§ **SUPPLIED RECORDS**:
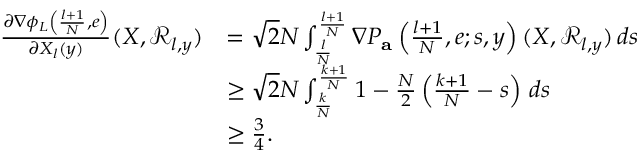Convert formula to latex. <formula><loc_0><loc_0><loc_500><loc_500>\begin{array} { r l } { \frac { \partial \nabla \phi _ { L } \left ( \frac { l + 1 } { N } , e \right ) } { \partial X _ { l } ( y ) } ( X , \mathcal { R } _ { l , y } ) } & { = \sqrt { 2 } N \int _ { \frac { l } { N } } ^ { \frac { l + 1 } { N } } \nabla P _ { a } \left ( \frac { l + 1 } { N } , e ; s , y \right ) ( X , \mathcal { R } _ { l , y } ) \, d s } \\ & { \geq \sqrt { 2 } N \int _ { \frac { k } { N } } ^ { \frac { k + 1 } { N } } 1 - \frac { N } { 2 } \left ( \frac { k + 1 } { N } - s \right ) \, d s } \\ & { \geq \frac { 3 } { 4 } . } \end{array}</formula> 
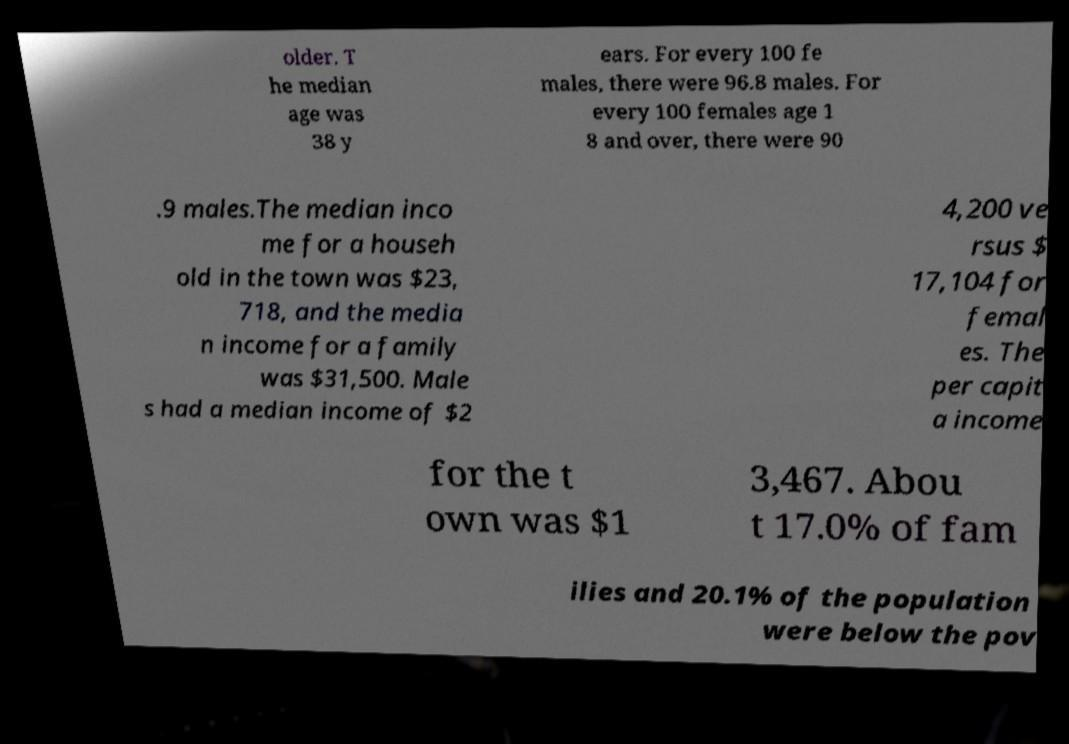What messages or text are displayed in this image? I need them in a readable, typed format. older. T he median age was 38 y ears. For every 100 fe males, there were 96.8 males. For every 100 females age 1 8 and over, there were 90 .9 males.The median inco me for a househ old in the town was $23, 718, and the media n income for a family was $31,500. Male s had a median income of $2 4,200 ve rsus $ 17,104 for femal es. The per capit a income for the t own was $1 3,467. Abou t 17.0% of fam ilies and 20.1% of the population were below the pov 
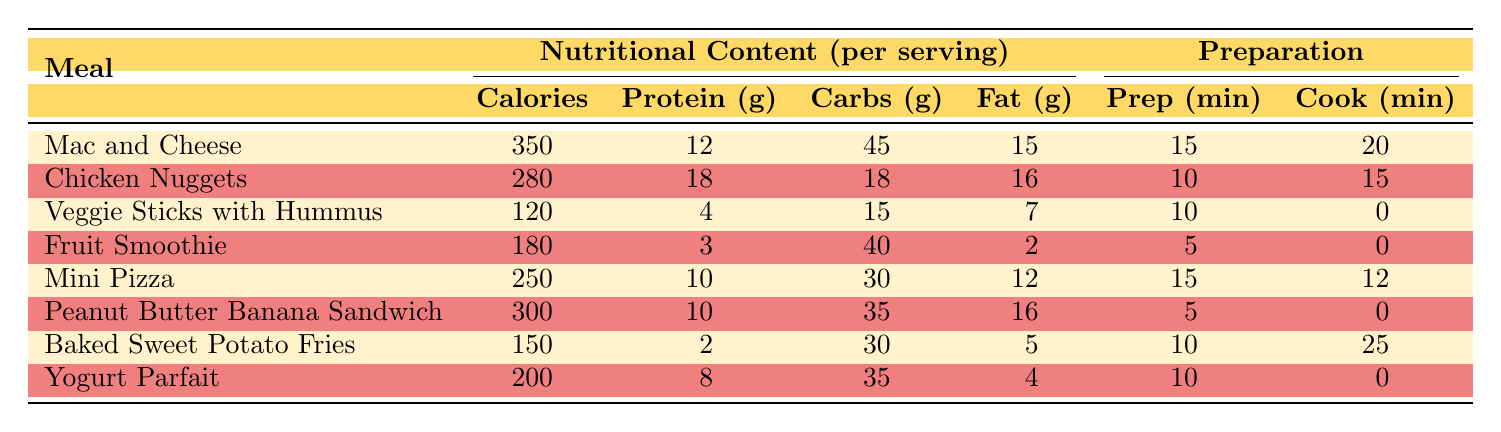What is the highest calorie meal among the listed options? By inspecting the table, I can see that "Mac and Cheese" has the highest calorie count at 350 calories compared to the other meals.
Answer: 350 calories How many grams of protein does the "Fruit Smoothie" contain? The table directly lists that the "Fruit Smoothie" has 3 grams of protein.
Answer: 3 grams Which meal has the least amount of fat, and what is its fat content? Looking at the fat column, I find that "Fruit Smoothie" has the least amount of fat at 2 grams.
Answer: 2 grams What is the average prep time for the snacks in the table? The snacks are "Veggie Sticks with Hummus" and "Peanut Butter Banana Sandwich." Their prep times are 10 and 5 minutes, respectively. The average is (10 + 5) / 2 = 7.5 minutes.
Answer: 7.5 minutes Is the "Peanut Butter Banana Sandwich" higher in calories than the "Baked Sweet Potato Fries"? "Peanut Butter Banana Sandwich" has 300 calories while "Baked Sweet Potato Fries" has 150 calories, so yes, it is higher in calories.
Answer: Yes Which main dish has the highest protein content, and how much does it contain? By comparing the protein content of the main dishes, "Chicken Nuggets" has the highest protein at 18 grams.
Answer: 18 grams What is the total amount of carbs across all the meals in the table? I will sum up the carbs for each meal: 45 (Mac and Cheese) + 18 (Chicken Nuggets) + 15 (Veggie Sticks with Hummus) + 40 (Fruit Smoothie) + 30 (Mini Pizza) + 35 (Peanut Butter Banana Sandwich) + 30 (Baked Sweet Potato Fries) + 35 (Yogurt Parfait) = 303 grams of carbs in total.
Answer: 303 grams Does any meal have 0 grams of sugar, and if so, which one? Checking the sugar column, I can see that "Chicken Nuggets" has 0 grams of sugar.
Answer: Yes, Chicken Nuggets What is the meal with the shortest cook time, and what is its cook time? By scanning the cook time column, I find that "Fruit Smoothie" has a cook time of 0 minutes, which is the shortest time.
Answer: 0 minutes 
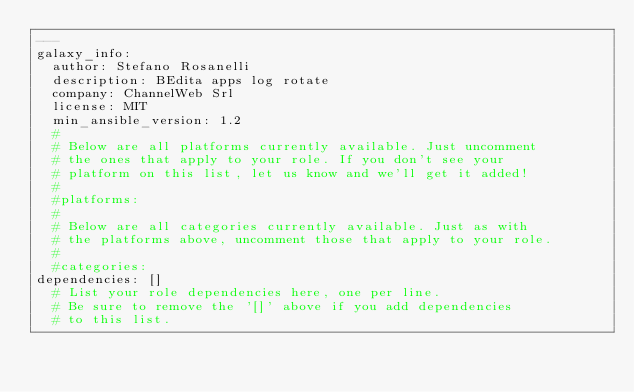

§ **TASK STATEMENT**:
Wherever the word "time" occurs in a line of the listing, copy that line.

§ **WRITTEN RESPONSE**:
Answer: 2 grams What is the average prep time for the snacks in the table? The snacks are "Veggie Sticks with Hummus" and "Peanut Butter Banana Sandwich." Their prep times are 10 and 5 minutes, respectively. The average is (10 + 5) / 2 = 7.5 minutes.
Answer: Yes, Chicken Nuggets What is the meal with the shortest cook time, and what is its cook time? By scanning the cook time column, I find that "Fruit Smoothie" has a cook time of 0 minutes, which is the shortest time.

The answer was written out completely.